= Gay Abel-Bey =

American director

Gay Abel-Bey is an American film director, producer, writer, editor, and academic. She currently teaches at New York University.

== Early life and education ==
Abel-Bey earned her B.A. from Mount Holyoke College, as well as her M.F.A. in Film from UCLA. In 1991, she made her thesis film Fragrance, which earned her the Dorothy Arzner Award for "high recognition of dramatic piece by a woman." While in graduate school at UCLA's School of Theater, Film, and Television, Abel-Bey taught courses in screenwriting and production.

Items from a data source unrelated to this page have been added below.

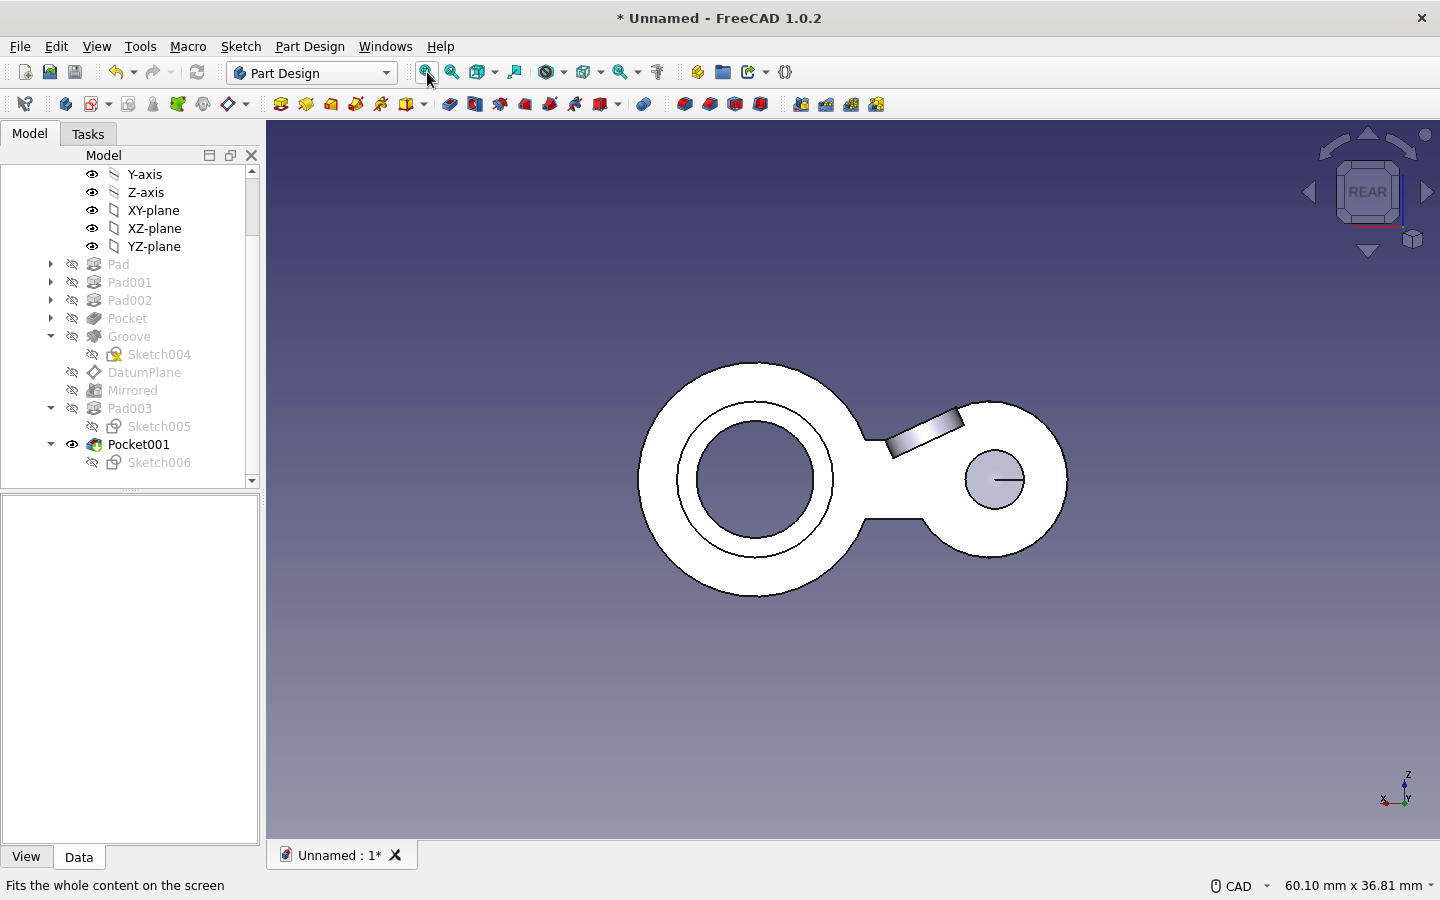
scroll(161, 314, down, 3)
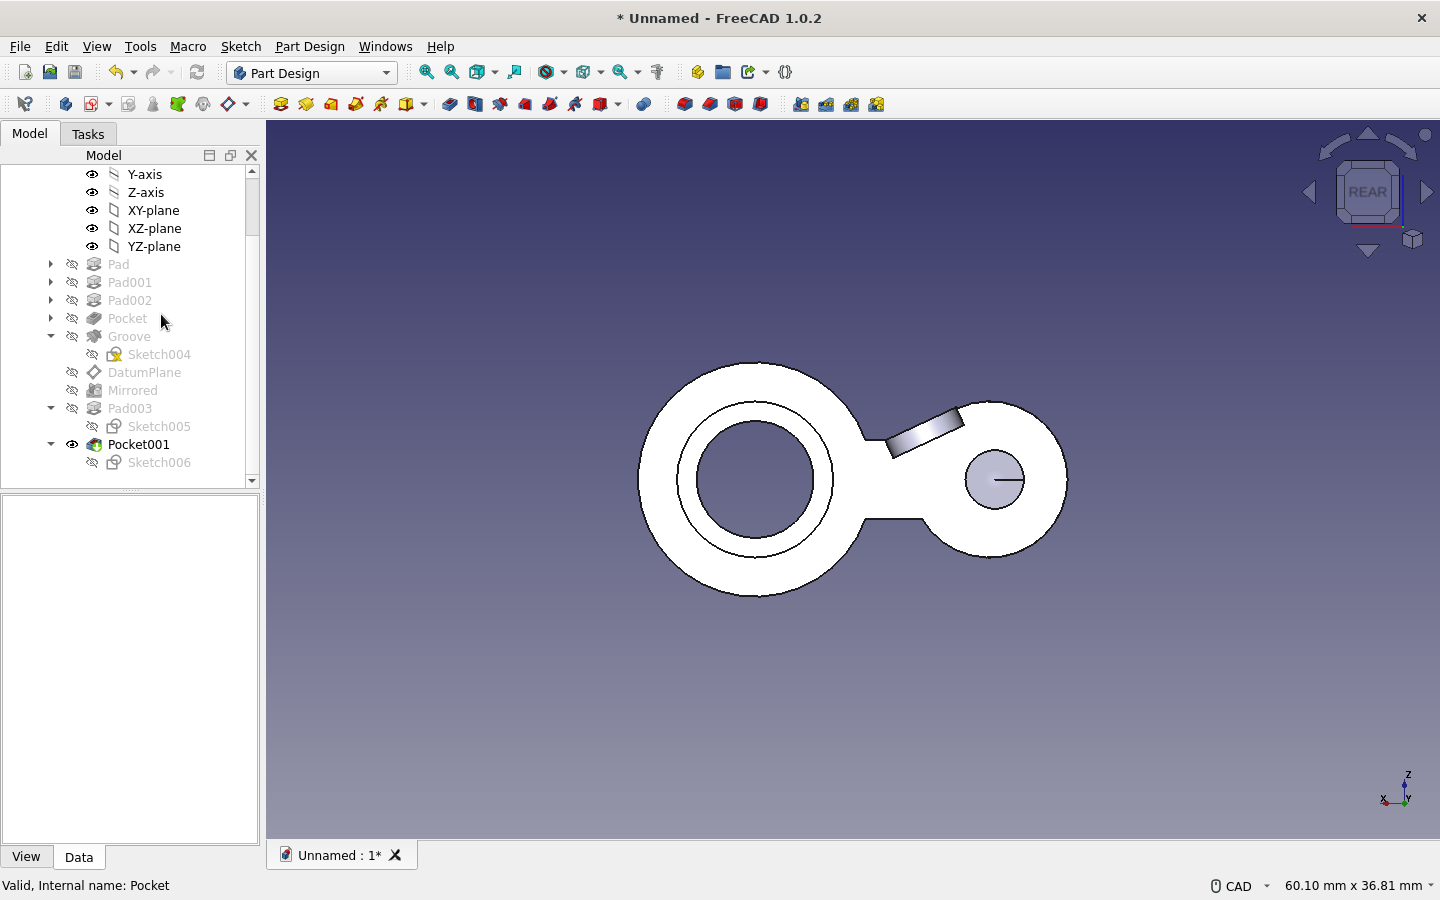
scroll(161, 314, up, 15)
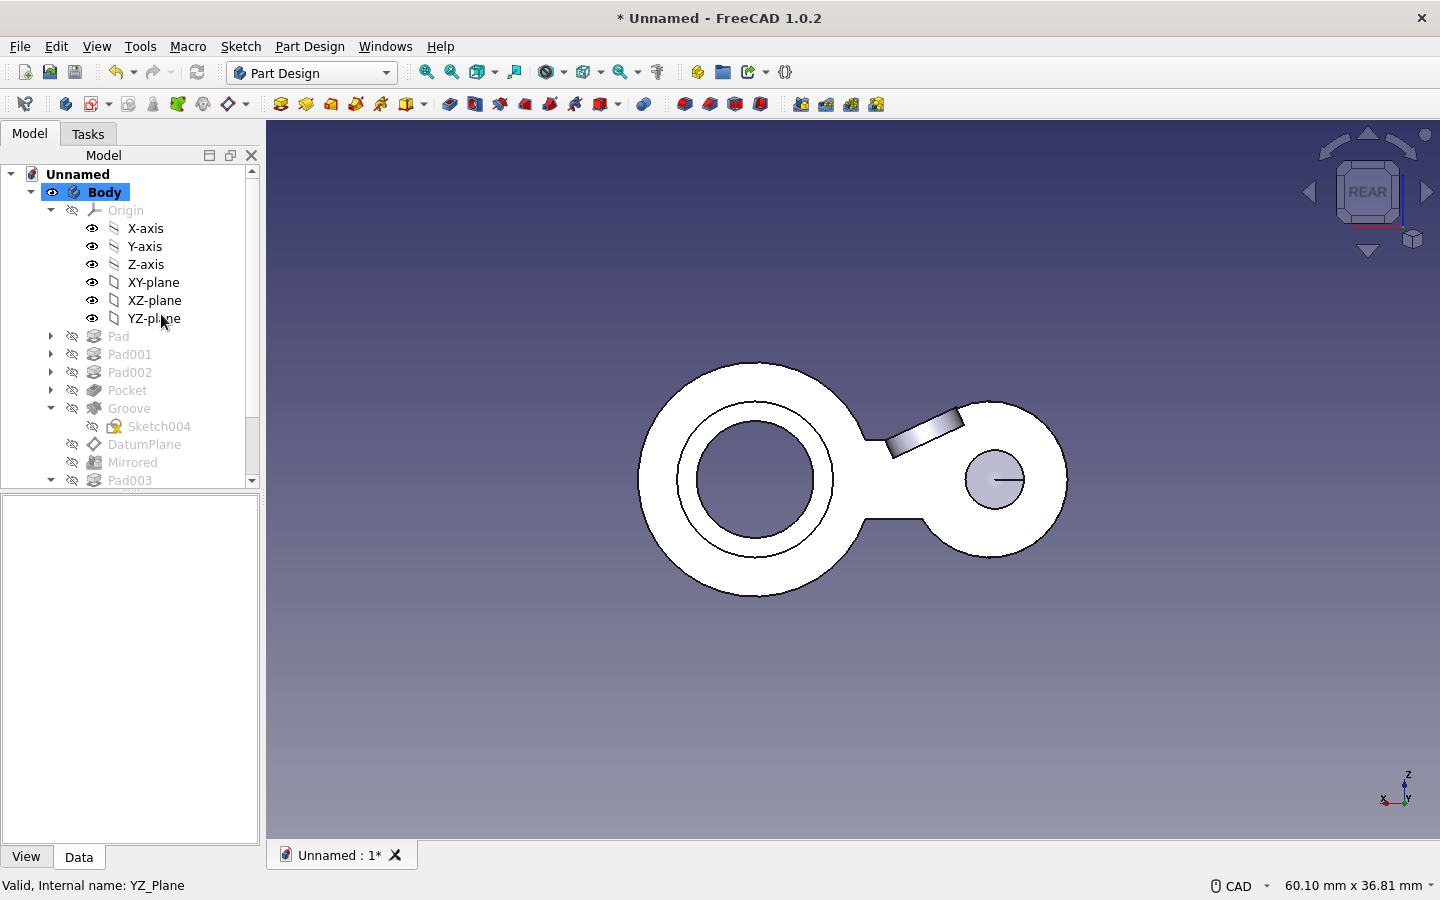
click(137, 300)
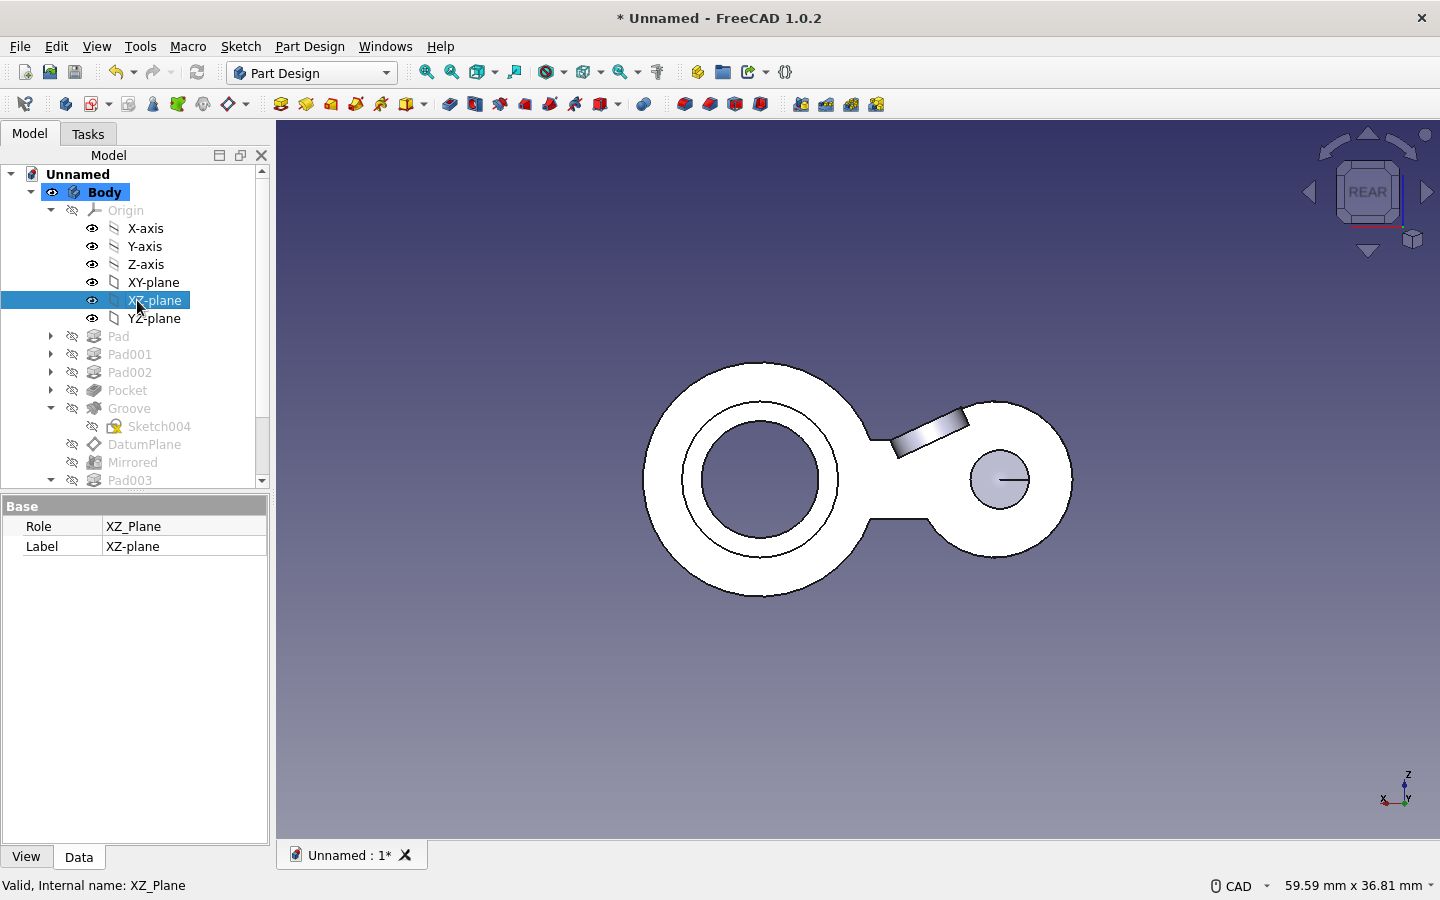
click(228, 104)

In her time at UCLA, Abel-Bey worked with ABC's Television Lighting Director Leslie Zak to produce and direct an instructional video in television lighting, and conducted a lighting seminar for film as well as producing three more instructional videos retained at the UCLA archives.

== Career ==
Abel-Bey was involved with Filmex, a Los Angeles film festival, and co-hosted a retrospective for the National Film School of London. She also helped to develop a community-based documentary workshop for at-risk youth in Los Angeles via Cal State LA's media department. Additionally, Abel-Bey has produced a variety of other film projects, some of which include Father & Son, Running 4 My Life, When It's Your Turn for WPVI-TV, Stone Cold Hustler, and Kiss Grandmother Goodbye. Father & Son was awarded a Sonny Innovators Award, while Stone Cold Hustler was awarded a local Emmy Award in Washington, D.C. for the "Drug Free School Zone" campaign.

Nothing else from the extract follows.